Через все творчество Булгакова проходит цепочка однотипных образов: в каждом его произведении есть свой Мастер. Профессор Персиков в «Роковых яйцах», профессор Преображенский в «Собачьем сердце», писатель Максудов в «Театральном романе», другой писатель – безымянный мастер в «Мастере и Маргарите», «бедный и окровавленный мастер» Мольер в «Кабале святош» и биографической повести, Пушкин (чем не «бедный и окровавленный мастер»?) в «Последних днях», изобретатели – академик Ефросимов в «Адаме и Еве», инженер Рейн в «Блаженстве», Тимофеев в «Иване Васильевиче» и так далее.

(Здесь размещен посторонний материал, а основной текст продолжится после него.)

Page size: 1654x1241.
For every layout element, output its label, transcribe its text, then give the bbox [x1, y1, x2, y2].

Называть этих булгаковских героев «однотипными» рискованно – уж очень они разные. Разные по своему неповторимому человеческому характеру, по конкретным обстоятельствам биографии и судьбы, по своему месту в историческом времени и географическом пространстве, да и по жанру текстов, репрезентирующих этих героев. Но у всех у них есть нечто общее и решительно важное для Булгакова: талантливость и причастность к творческому труду. К «неимоверному труду» при (почти во всех случаях) «суровой бедности жизни», как было сказано в «Грядущих перспективах». Это оно и есть, то «упорное изображение русской интеллигенции как самого лучшего слоя в нашей стране», которое Булгаков с верой и отвагой декларировал в письме к коммунистическим игемонам в понятных для них терминах.

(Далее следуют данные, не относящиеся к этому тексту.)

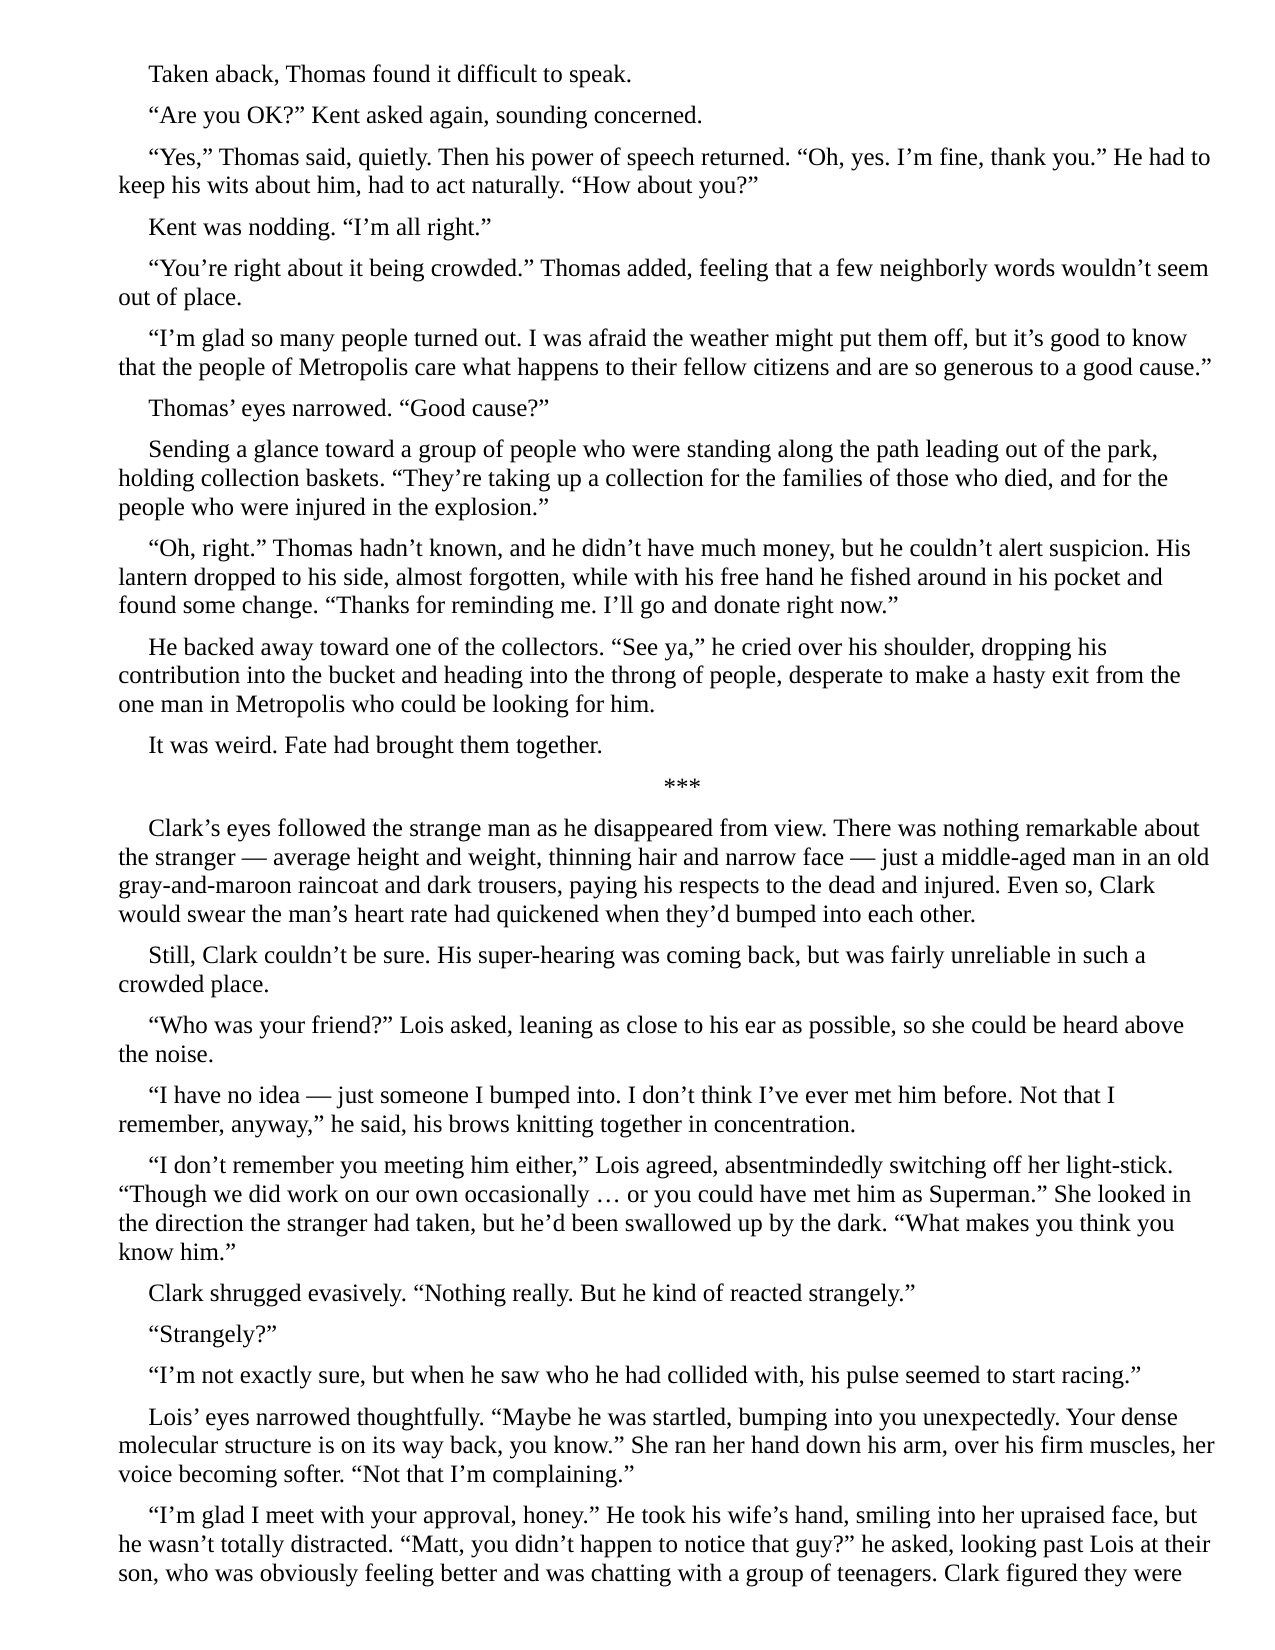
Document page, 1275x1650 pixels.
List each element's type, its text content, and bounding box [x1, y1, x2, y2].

text “Oh, right.” Thomas hadn’t known, and he didn’t have much money, but he couldn’t alert suspicion. His lantern dropped to his side, almost forgotten, while with his free hand he fished around in his pocket and found some change. “Thanks for reminding me. I’ll go and donate right now.” [118, 533, 1216, 619]
text “I’m not exactly sure, but when he saw who he had collided with, his pulse seemed to start racing.” [118, 1360, 1216, 1389]
text “Strangely?” [118, 1319, 1216, 1348]
text Clark shrugged evasively. “Nothing really. But he kind of reacted strangely.” [118, 1278, 1216, 1307]
text “I don’t remember you meeting him either,” Lois agreed, absentmindedly switching off her light-stick. “Though we did work on our own occasionally … or you could have met him as Superman.” She looked in the direction the stranger had taken, but he’d been swallowed up by the dark. “What makes you think you know him.” [118, 1150, 1216, 1265]
text “Yes,” Thomas said, quietly. Then his power of speech returned. “Oh, yes. I’m fine, thank you.” He had to keep his wits about him, had to act naturally. “How about you?” [118, 142, 1216, 199]
text Taken aback, Thomas found it difficult to speak. [118, 59, 1216, 88]
text *** [118, 772, 1216, 800]
text “Are you OK?” Kent asked again, sounding concerned. [118, 100, 1216, 129]
text “You’re right about it being crowded.” Thomas added, feeling that a few neighborly words wouldn’t seem out of place. [118, 253, 1216, 310]
text Kent was nodding. “I’m all right.” [118, 212, 1216, 240]
text It was weird. Fate had brought them together. [118, 730, 1216, 759]
text Thomas’ eyes narrowed. “Good cause?” [118, 393, 1216, 422]
text “I’m glad so many people turned out. I was afraid the weather might put them off, but it’s good to know that the people of Metropolis care what happens to their fellow citizens and are so generous to a good cause.” [118, 323, 1216, 380]
text “I have no idea — just someone I bumped into. I don’t think I’ve ever met him before. Not that I remember, anyway,” he said, his brows knitting together in concentration. [118, 1080, 1216, 1138]
text He backed away toward one of the collectors. “See ya,” he cried over his shoulder, dropping his contribution into the bucket and heading into the throng of people, desperate to make a hasty exit from the one man in Metropolis who could be looking for him. [118, 632, 1216, 718]
text Lois’ eyes narrowed thoughtfully. “Maybe he was startled, bumping into you unexpectedly. Your dense molecular structure is on its way back, you know.” She ran her hand down his arm, over his firm muscles, her voice becoming softer. “Not that I’m complaining.” [118, 1402, 1216, 1488]
text “Who was your friend?” Lois asked, leaning as close to his ear as possible, so she could be heard above the noise. [118, 1010, 1216, 1068]
text Sending a glance toward a group of people who were standing along the path leading out of the park, holding collection baskets. “They’re taking up a collection for the families of those who died, and for the people who were injured in the explosion.” [118, 434, 1216, 520]
text Still, Clark couldn’t be sure. His super-hearing was coming back, but was fairly unreliable in such a crowded place. [118, 940, 1216, 998]
text Clark’s eyes followed the strange man as he disappeared from view. There was nothing remarkable about the stranger — average height and weight, thinning hair and narrow face — just a middle-aged man in an old gray-and-maroon raincoat and dark trousers, paying his respects to the dead and injured. Even so, Clark would swear the man’s heart rate had quickened when they’d bumped into each other. [118, 813, 1216, 928]
text “I’m glad I meet with your approval, honey.” He took his wife’s hand, smiling into her upraised face, but he wasn’t totally distracted. “Matt, you didn’t happen to notice that guy?” he asked, looking past Lois at their son, who was obviously feeling better and was chatting with a group of teenagers. Clark figured they were [118, 1500, 1216, 1587]

Точка приложения таланта не важна: булгаковский мастер может сочинить стихотворение, роман или пьесу, открыть биологически активные лучи или изобрести способ хирургического воздействия на природу живого существа. Важно другое: чем бы эти мастера ни занимались, их работа всегда есть приближение к истине. Поэтому булгаковские мастера, каким бы частным ни было их приближение, как бы держат в руках будущее. Они, эти мастера, – обыкновенные люди, такие же, как все, со всеми человеческими слабостями, порой очень смешными или даже непростительными, и только талант, заставляющий их трудолюбиво устремляться к истине, отличает их от иных прочих, возвышает над окружением. Открытая ими истина превращает их в пророков – будет ли это истина о «лучах жизни», найденная профессором Персиковым, или истина о событиях двухтысячелетней давности, открывшаяся мастеру, автору романа о Пилате. Пророческий дар булгаковских специалистов получает, между прочим, и «научно-фантастическое» (впрочем, весьма ироничное) воплощение, когда его мастера принимаются за создание машины времени.

Булгаковских пророков хорошо описывает афоризм Уильяма Блейка (тоже «мистического писателя», с которым Булгаков, по-видимому, сошелся бы не только в этом пункте): «Каждый человек – пророк. Он высказывает свое мнение о частных и общественных делах. Например: если вы будете поступать так, последствия будут такие-то. Он никогда не говорит: то-то случится, что бы вы ни делали. Пророк – провидец, а не произвольный диктатор»[19].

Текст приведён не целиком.